What the task asks: Copy exactly, and only, the lines between the start of the entries below and the line containing "Can you read", both inclusive. Omit pictures.

=====

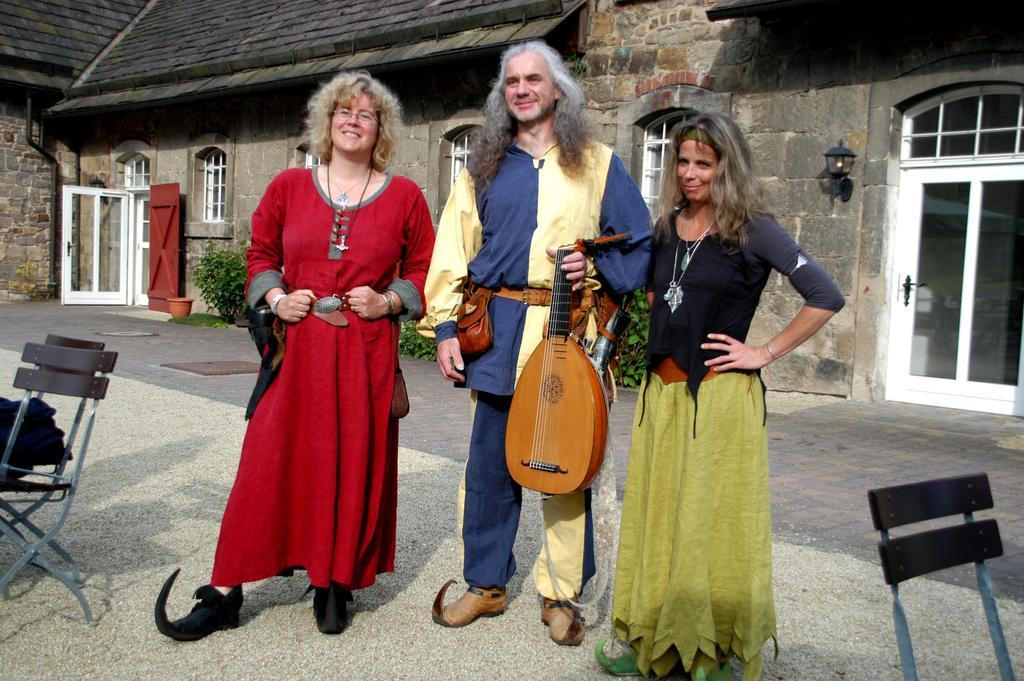In one or two sentences, can you explain what this image depicts? Here in this picture we can see three people standing on the ground over there and we can see all of them are smiling, wearing different costumes on them and the person in the middle is holding a musical instrument in his hand and beside them on either side we can see chairs present and behind them we can see a house present as we can see doors and windows on it over there and we can see lamp pots and plants present over there. 
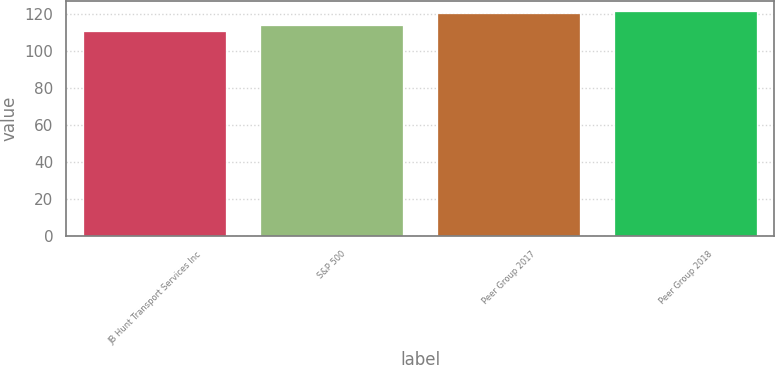<chart> <loc_0><loc_0><loc_500><loc_500><bar_chart><fcel>JB Hunt Transport Services Inc<fcel>S&P 500<fcel>Peer Group 2017<fcel>Peer Group 2018<nl><fcel>110.12<fcel>113.69<fcel>120.17<fcel>121.25<nl></chart> 
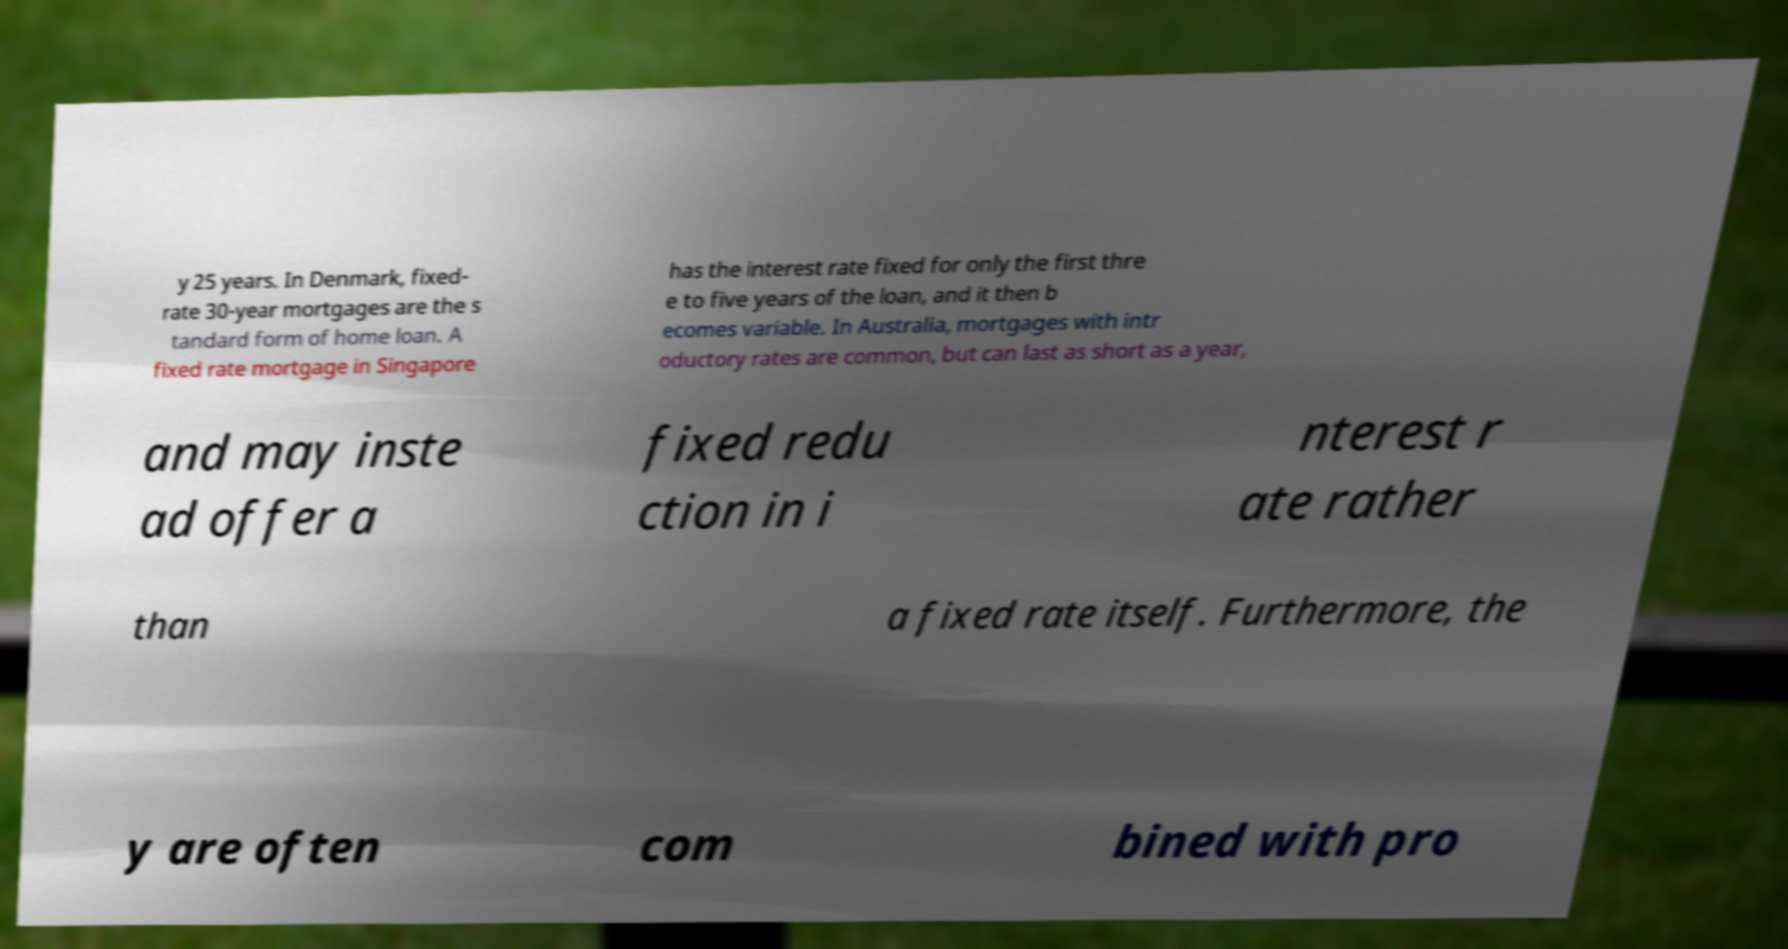Can you read and provide the text displayed in the image?This photo seems to have some interesting text. Can you extract and type it out for me? y 25 years. In Denmark, fixed- rate 30-year mortgages are the s tandard form of home loan. A fixed rate mortgage in Singapore has the interest rate fixed for only the first thre e to five years of the loan, and it then b ecomes variable. In Australia, mortgages with intr oductory rates are common, but can last as short as a year, and may inste ad offer a fixed redu ction in i nterest r ate rather than a fixed rate itself. Furthermore, the y are often com bined with pro 
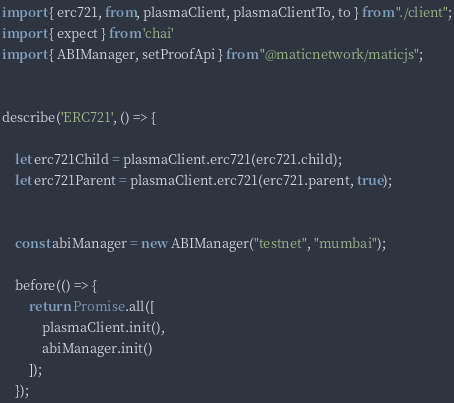Convert code to text. <code><loc_0><loc_0><loc_500><loc_500><_TypeScript_>import { erc721, from, plasmaClient, plasmaClientTo, to } from "./client";
import { expect } from 'chai'
import { ABIManager, setProofApi } from "@maticnetwork/maticjs";


describe('ERC721', () => {

    let erc721Child = plasmaClient.erc721(erc721.child);
    let erc721Parent = plasmaClient.erc721(erc721.parent, true);


    const abiManager = new ABIManager("testnet", "mumbai");

    before(() => {
        return Promise.all([
            plasmaClient.init(),
            abiManager.init()
        ]);
    });
</code> 
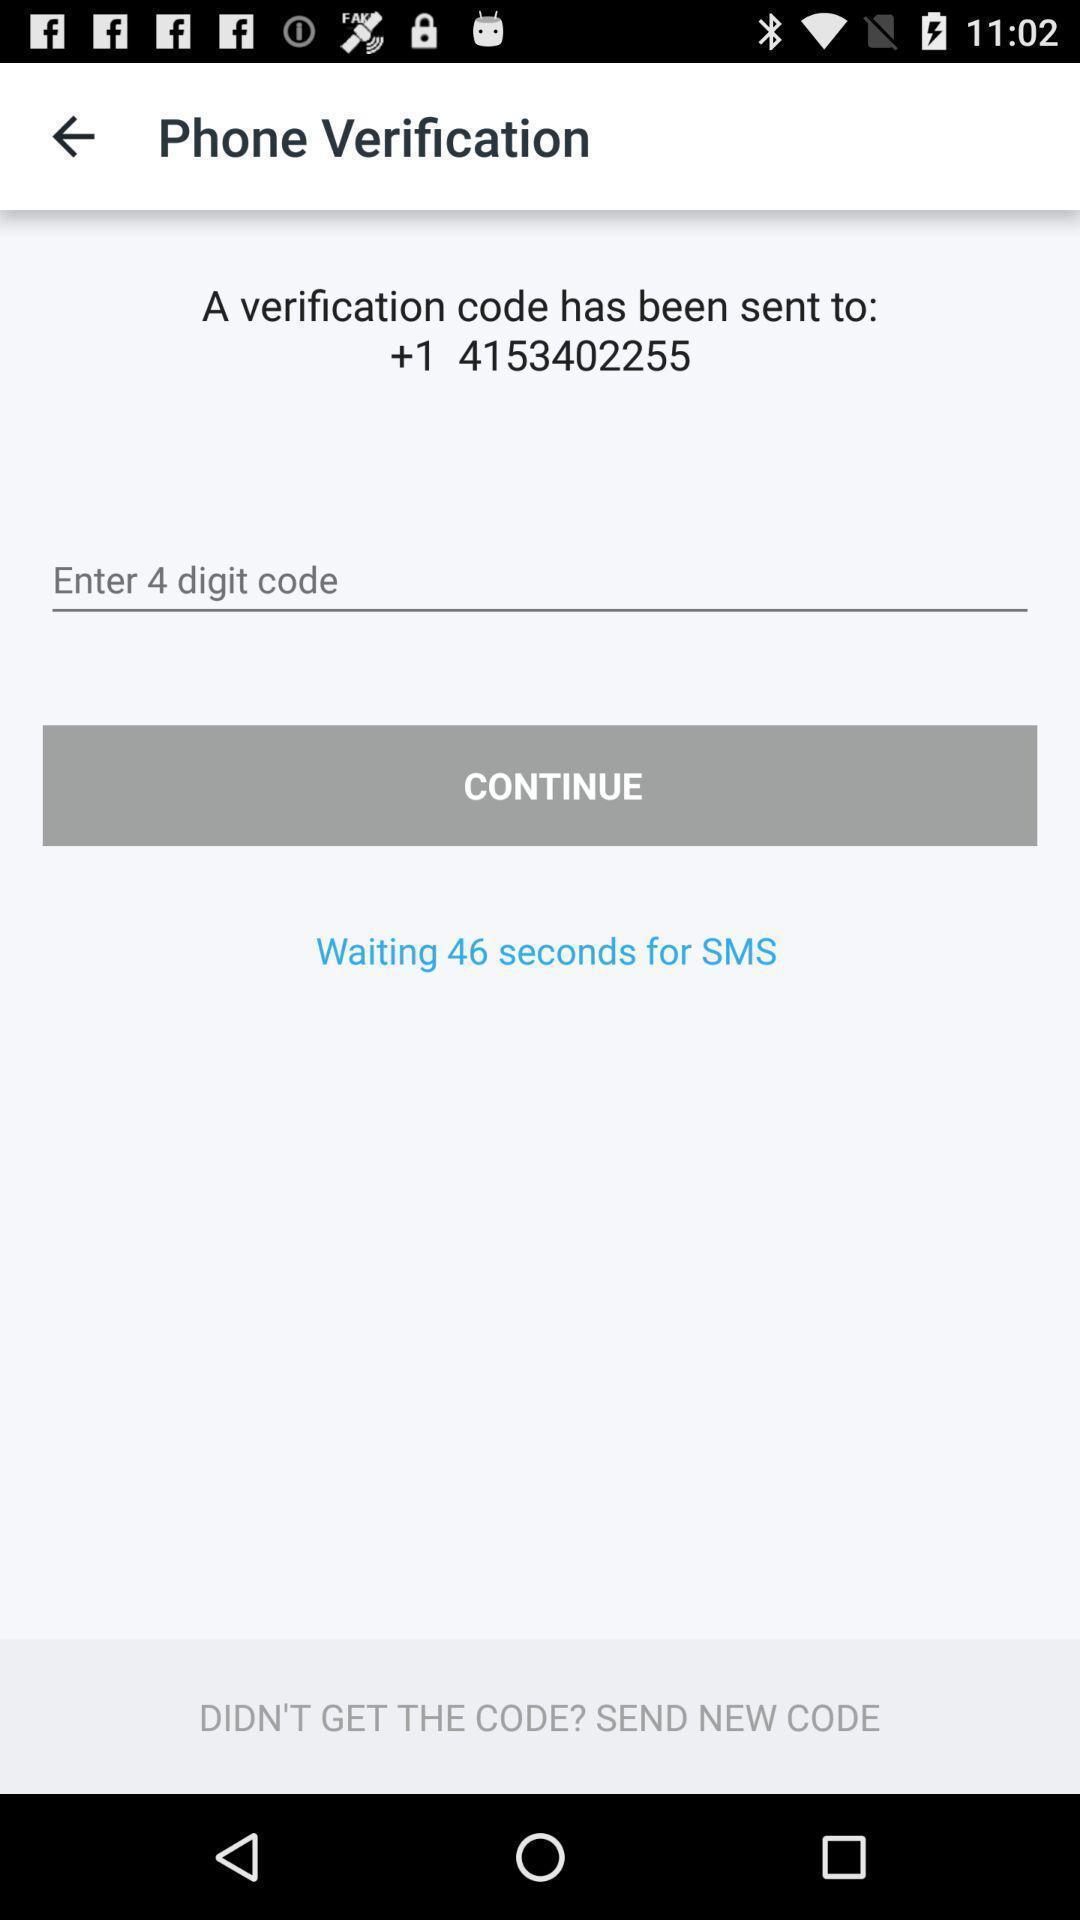What can you discern from this picture? Verification page. 
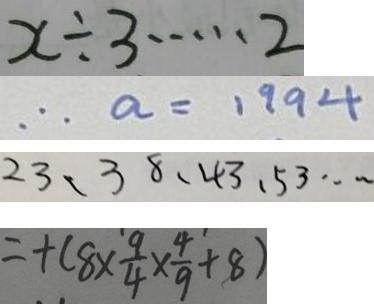Convert formula to latex. <formula><loc_0><loc_0><loc_500><loc_500>x \div 3 \cdots 2 
 \therefore a = 1 9 9 4 
 2 3 、 3 8 、 4 3 、 5 3 \cdots 
 = + ( 8 \times \frac { 9 } { 4 } \times \frac { 4 } { 9 } + 8 )</formula>

=====

Answer box:
In one or two sentences, can you explain what this image depicts? Here in this picture we can see three people standing on the ground over there and we can see all of them are smiling, wearing different costumes on them and the person in the middle is holding a musical instrument in his hand and beside them on either side we can see chairs present and behind them we can see a house present as we can see doors and windows on it over there and we can see lamp pots and plants present over there. 
<chart> <loc_0><loc_0><loc_500><loc_500><bar_chart><fcel>JB Hunt Transport Services Inc<fcel>S&P 500<fcel>Peer Group 2017<fcel>Peer Group 2018<nl><fcel>110.12<fcel>113.69<fcel>120.17<fcel>121.25<nl></chart> 
Can you read and provide the text displayed in the image?This photo seems to have some interesting text. Can you extract and type it out for me? y 25 years. In Denmark, fixed- rate 30-year mortgages are the s tandard form of home loan. A fixed rate mortgage in Singapore has the interest rate fixed for only the first thre e to five years of the loan, and it then b ecomes variable. In Australia, mortgages with intr oductory rates are common, but can last as short as a year, and may inste ad offer a fixed redu ction in i nterest r ate rather than a fixed rate itself. Furthermore, the y are often com bined with pro 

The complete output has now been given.